Menjadi college traveler dengan uang pas-pasan bukan berarti tidak bisa sepenuhnya menikmati keindaah kota New York. Saya berkesempatan mengunjungi kota ini dua kali, pertama memang karena ingin melihat New York--Hutan Menara—yang dianggap sebagai salah satu lambang peradaban abad 21 dan yang kedua karena urusan pekerjaan.
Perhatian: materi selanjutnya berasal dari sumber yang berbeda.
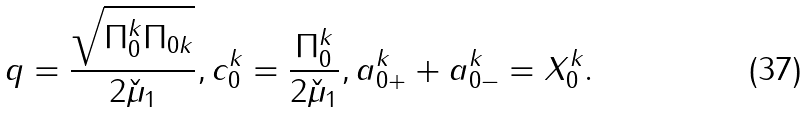Convert formula to latex. <formula><loc_0><loc_0><loc_500><loc_500>q = \frac { \sqrt { \Pi _ { 0 } ^ { k } \Pi _ { 0 k } } } { 2 \check { \mu } _ { 1 } } , c ^ { k } _ { 0 } = \frac { \Pi ^ { k } _ { 0 } } { 2 \check { \mu } _ { 1 } } , a ^ { k } _ { 0 + } + a ^ { k } _ { 0 - } = X ^ { k } _ { 0 } .</formula> 
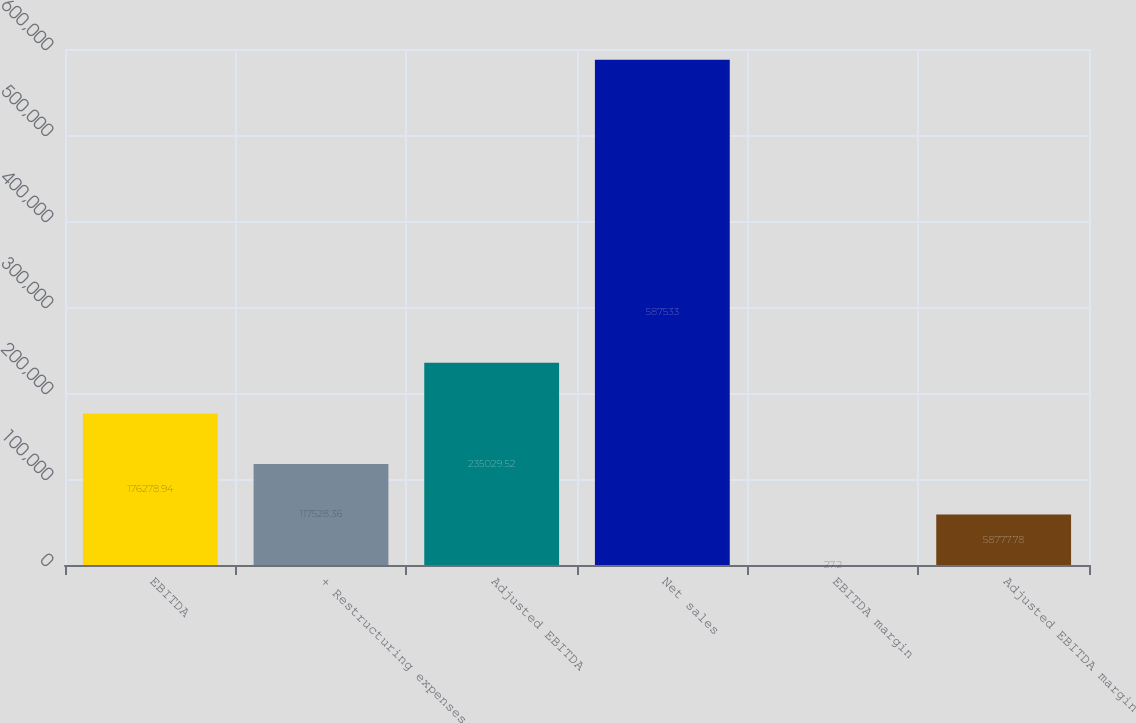<chart> <loc_0><loc_0><loc_500><loc_500><bar_chart><fcel>EBITDA<fcel>+ Restructuring expenses<fcel>Adjusted EBITDA<fcel>Net sales<fcel>EBITDA margin<fcel>Adjusted EBITDA margin<nl><fcel>176279<fcel>117528<fcel>235030<fcel>587533<fcel>27.2<fcel>58777.8<nl></chart> 
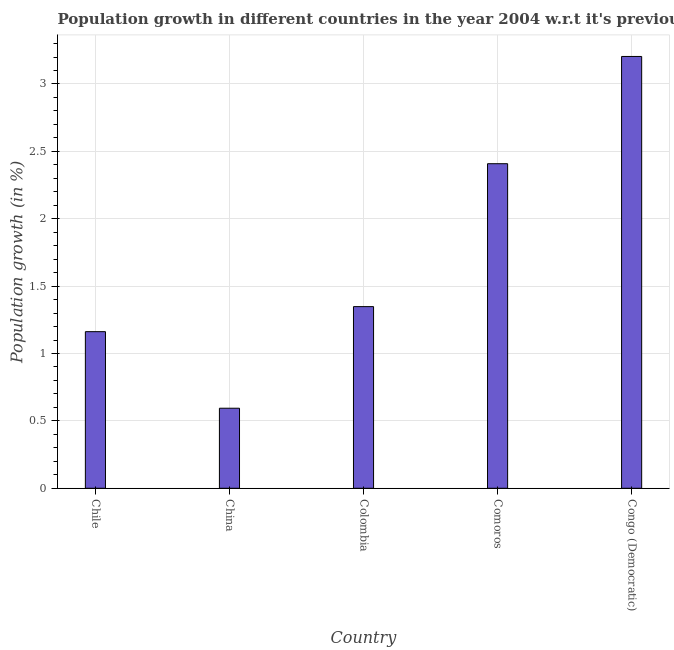Does the graph contain any zero values?
Provide a short and direct response. No. Does the graph contain grids?
Keep it short and to the point. Yes. What is the title of the graph?
Provide a short and direct response. Population growth in different countries in the year 2004 w.r.t it's previous year. What is the label or title of the Y-axis?
Keep it short and to the point. Population growth (in %). What is the population growth in Congo (Democratic)?
Give a very brief answer. 3.2. Across all countries, what is the maximum population growth?
Keep it short and to the point. 3.2. Across all countries, what is the minimum population growth?
Offer a very short reply. 0.59. In which country was the population growth maximum?
Keep it short and to the point. Congo (Democratic). In which country was the population growth minimum?
Keep it short and to the point. China. What is the sum of the population growth?
Give a very brief answer. 8.72. What is the difference between the population growth in Chile and Comoros?
Give a very brief answer. -1.25. What is the average population growth per country?
Provide a short and direct response. 1.74. What is the median population growth?
Your response must be concise. 1.35. What is the ratio of the population growth in Colombia to that in Congo (Democratic)?
Your answer should be compact. 0.42. What is the difference between the highest and the second highest population growth?
Give a very brief answer. 0.8. What is the difference between the highest and the lowest population growth?
Make the answer very short. 2.61. What is the Population growth (in %) of Chile?
Provide a short and direct response. 1.16. What is the Population growth (in %) of China?
Make the answer very short. 0.59. What is the Population growth (in %) of Colombia?
Provide a short and direct response. 1.35. What is the Population growth (in %) in Comoros?
Make the answer very short. 2.41. What is the Population growth (in %) of Congo (Democratic)?
Make the answer very short. 3.2. What is the difference between the Population growth (in %) in Chile and China?
Your answer should be very brief. 0.57. What is the difference between the Population growth (in %) in Chile and Colombia?
Your response must be concise. -0.19. What is the difference between the Population growth (in %) in Chile and Comoros?
Make the answer very short. -1.25. What is the difference between the Population growth (in %) in Chile and Congo (Democratic)?
Provide a succinct answer. -2.04. What is the difference between the Population growth (in %) in China and Colombia?
Your answer should be very brief. -0.75. What is the difference between the Population growth (in %) in China and Comoros?
Your answer should be very brief. -1.81. What is the difference between the Population growth (in %) in China and Congo (Democratic)?
Keep it short and to the point. -2.61. What is the difference between the Population growth (in %) in Colombia and Comoros?
Give a very brief answer. -1.06. What is the difference between the Population growth (in %) in Colombia and Congo (Democratic)?
Your response must be concise. -1.86. What is the difference between the Population growth (in %) in Comoros and Congo (Democratic)?
Offer a terse response. -0.8. What is the ratio of the Population growth (in %) in Chile to that in China?
Keep it short and to the point. 1.96. What is the ratio of the Population growth (in %) in Chile to that in Colombia?
Your answer should be very brief. 0.86. What is the ratio of the Population growth (in %) in Chile to that in Comoros?
Provide a short and direct response. 0.48. What is the ratio of the Population growth (in %) in Chile to that in Congo (Democratic)?
Your answer should be compact. 0.36. What is the ratio of the Population growth (in %) in China to that in Colombia?
Your answer should be compact. 0.44. What is the ratio of the Population growth (in %) in China to that in Comoros?
Offer a terse response. 0.25. What is the ratio of the Population growth (in %) in China to that in Congo (Democratic)?
Your answer should be compact. 0.18. What is the ratio of the Population growth (in %) in Colombia to that in Comoros?
Offer a very short reply. 0.56. What is the ratio of the Population growth (in %) in Colombia to that in Congo (Democratic)?
Make the answer very short. 0.42. What is the ratio of the Population growth (in %) in Comoros to that in Congo (Democratic)?
Make the answer very short. 0.75.

Sebelum menginjakkan kaki di kota
ini banyak hal negatif yang saya dengar dari orang Amerika tentang kota ini,
bahkan salah seorang professor yang mengajar di kampus saya tidak pernah
tertarik untuk mengunjung kota ini. “Kota ini terlalu ramai dan semua orang
suka hidup sendiri,” Katanya. Kota New York sering dianggap seperti pelarianbagi
orang-orang yang suka kesendirian tapi
mereka ingin sendiri bersama-sama. Ada juga yang mengatakan kalau kota ini
terlalu terang oleh lampu-lampu merkuri yang dibuat manusia sehingga
penduduknya tidak bisa menikmati bintang sepenuhnya pada malam hari, setiap
orang di New York selalu berjalan cepat, lebih cepat dari orang-orang Amerika
pada umumnya karena mereka terlalu sibuk. Jika saya menceritakan
keburukan-keburukan yang saya dengar tentang kota ini, mungkin tidak akan bisa
habis saya tulis namun keburukan –keburukan yang saya dengar ini tentu saja
tidak mengurungkan niat saya untuk mengunjungi kota impian. Yeah, saya
menyebutnya kota ini kota impian, karena
seniman dan penulis dari berbagai belahan dunia banyak memilih hijrah ke kota
ini untuk berkarir, tinggal di gedung-gedung pencakar langit yang menjauhi gravistasi,
membuat mereka merasa semakin bebas, mungkin juga karena mereka membutuhkan
banyak waktu untuk sendiri dan mereka ingin sendiri bersama-sama.
Tepat setelah tiga hari
penyerangan di Paris, saya naik bis ke
Chicago dan kemudian naik kereta Amtrak sekitar 19 jam, melewati beberapa
negara bagian dan akhirnya sampai di hutan menara yang sedang dijaga dengan
sangat ketat. Walapun wajah New York sama sekali berbeda dengan Lombok tapi New
York mengingatkan saya untuk tetap
bangga menjadi seorang anak yang lahir dan dibesarkan di pulau kecil. Dengan uang saku seadanya saya sering kali
memilih wisata yang hemat dan tidak mengeluarkan biaya sama sekali.
1. Menyebrangi
Jembatan Brooklyn
Jembatan ini menghubungkan
Brooklyn dengan pusat perdagangan dunia yang berada di Wall Street, membelah
East River. Saat membaca sebuah perunggu yang tertempel di salah satu tiang
raksasanya tertulis nama arsiteknya, John Augustus Roebling, seorang immigrant
German. Menikmati lintangan tali-temali
dan tiang-tiang raksasa, para pengendara sepeda yang sering kali kesal karena
jalurnya diambil turis-turis yang selfie, menikmati sungai yang bersih membuat saya senang, geli
dan bangga menjadi manusia. Tapi ada perasan malu juga, saat menikmati
pemandangan hamparan gedung-gedung yang lebih tinggi dari pohon-pohon di Lombok
berdiri kokoh. Sepertinya manusia memang ditakdirkan untuk tidak mau berbagi
tempat dengan mahluk lain. Menyebrangi jembatan ini memang tidak membutuhkan
keberanian dan akan membuatmu merasa seperti berada dalam film-film Hollywood.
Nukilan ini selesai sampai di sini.